What to do: Return every line from the records below that has the word "block".

◆ ◆ ◆ ◆ ◆

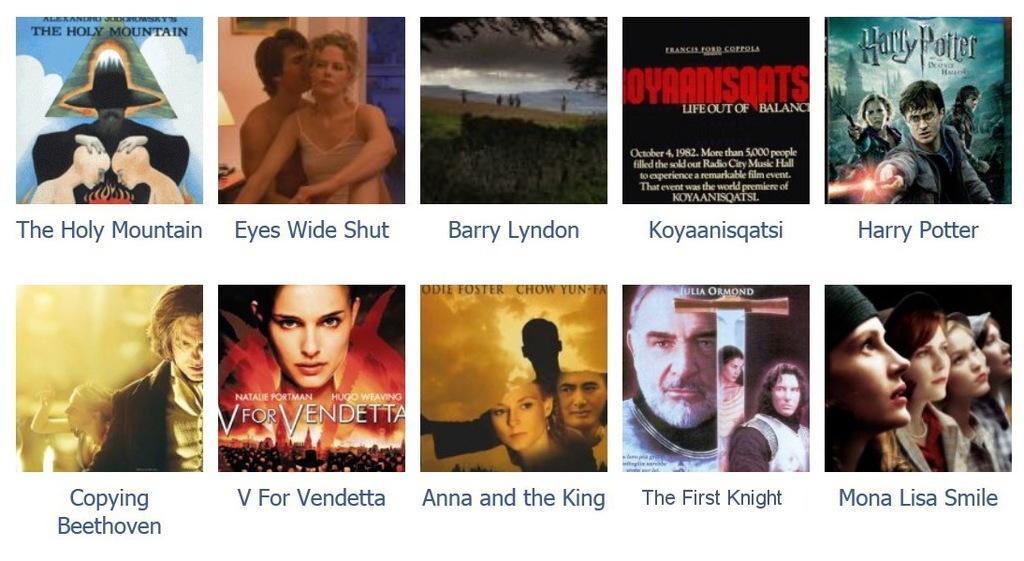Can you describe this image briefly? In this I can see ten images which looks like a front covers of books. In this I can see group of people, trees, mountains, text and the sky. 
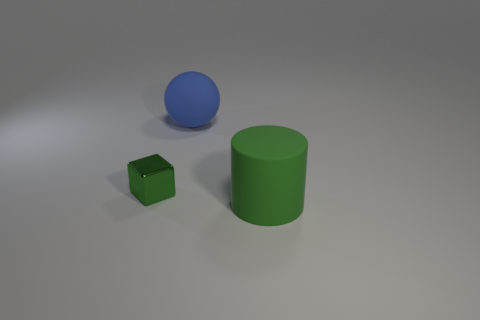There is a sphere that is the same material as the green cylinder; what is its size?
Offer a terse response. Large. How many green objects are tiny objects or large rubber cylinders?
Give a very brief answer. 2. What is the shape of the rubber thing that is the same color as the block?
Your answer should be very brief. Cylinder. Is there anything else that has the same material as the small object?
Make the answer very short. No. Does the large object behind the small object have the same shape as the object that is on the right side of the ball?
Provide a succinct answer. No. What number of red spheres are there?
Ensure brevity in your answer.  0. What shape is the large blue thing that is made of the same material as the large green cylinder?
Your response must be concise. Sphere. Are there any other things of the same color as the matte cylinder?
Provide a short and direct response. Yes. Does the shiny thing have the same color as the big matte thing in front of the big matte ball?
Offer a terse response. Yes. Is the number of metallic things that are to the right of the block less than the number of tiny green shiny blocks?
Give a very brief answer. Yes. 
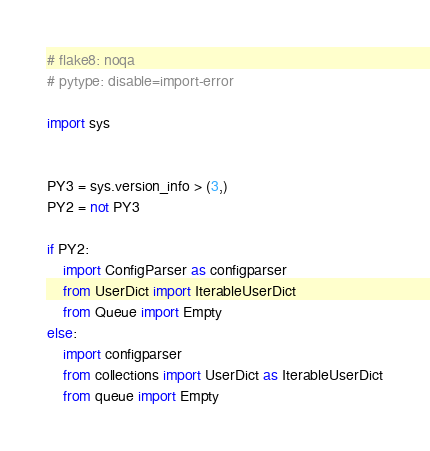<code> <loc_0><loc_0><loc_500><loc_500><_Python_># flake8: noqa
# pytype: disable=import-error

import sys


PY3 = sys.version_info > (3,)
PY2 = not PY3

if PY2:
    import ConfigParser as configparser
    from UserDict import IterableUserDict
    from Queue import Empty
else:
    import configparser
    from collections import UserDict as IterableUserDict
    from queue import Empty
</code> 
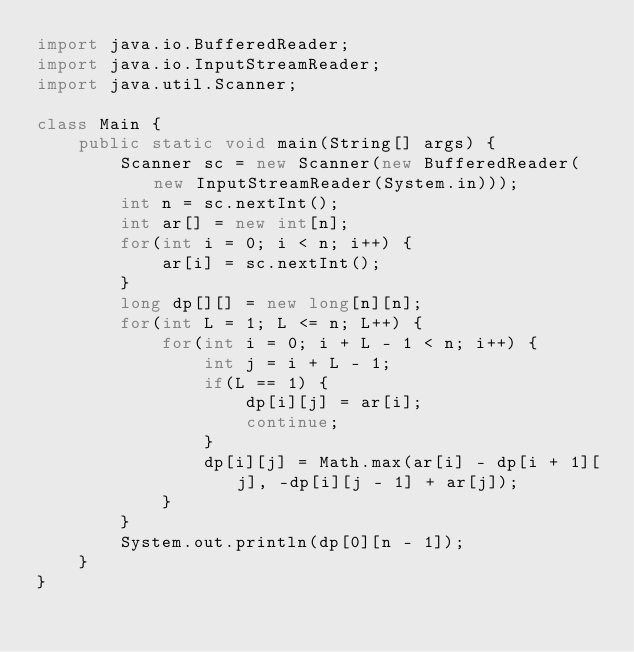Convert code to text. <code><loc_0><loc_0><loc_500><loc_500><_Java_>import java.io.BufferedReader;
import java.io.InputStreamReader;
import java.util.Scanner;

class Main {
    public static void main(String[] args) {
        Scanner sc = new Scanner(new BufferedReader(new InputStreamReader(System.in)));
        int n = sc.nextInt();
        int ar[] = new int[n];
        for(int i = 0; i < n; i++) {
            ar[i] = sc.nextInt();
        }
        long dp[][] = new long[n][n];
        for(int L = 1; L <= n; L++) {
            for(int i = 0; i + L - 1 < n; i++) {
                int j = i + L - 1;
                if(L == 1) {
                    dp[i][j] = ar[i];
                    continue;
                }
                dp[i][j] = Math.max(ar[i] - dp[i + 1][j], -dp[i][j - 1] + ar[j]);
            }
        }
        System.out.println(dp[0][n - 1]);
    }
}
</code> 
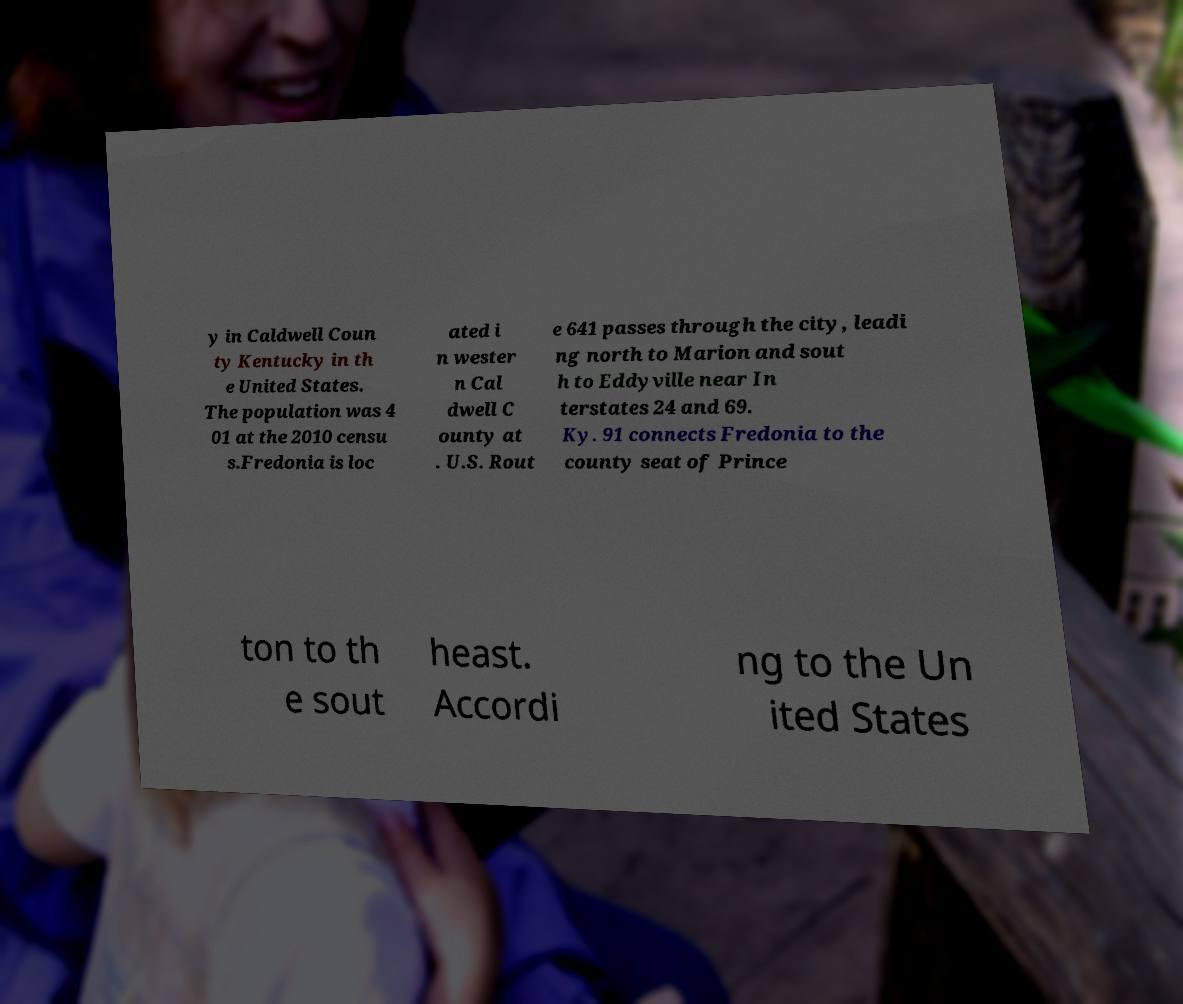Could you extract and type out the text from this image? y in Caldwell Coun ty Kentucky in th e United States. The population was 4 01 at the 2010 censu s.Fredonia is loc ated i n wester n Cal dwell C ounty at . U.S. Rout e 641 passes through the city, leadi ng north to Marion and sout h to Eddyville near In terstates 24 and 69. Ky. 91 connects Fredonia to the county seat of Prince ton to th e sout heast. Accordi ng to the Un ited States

◆ ◆ ◆ ◆ ◆

Problem solution:
Give a very brief answer. 2. What is the shape of the rubber thing that is the same color as the block?
Offer a terse response. Yes. Is the number of metallic things that are to the right of the block less than the number of tiny green shiny blocks?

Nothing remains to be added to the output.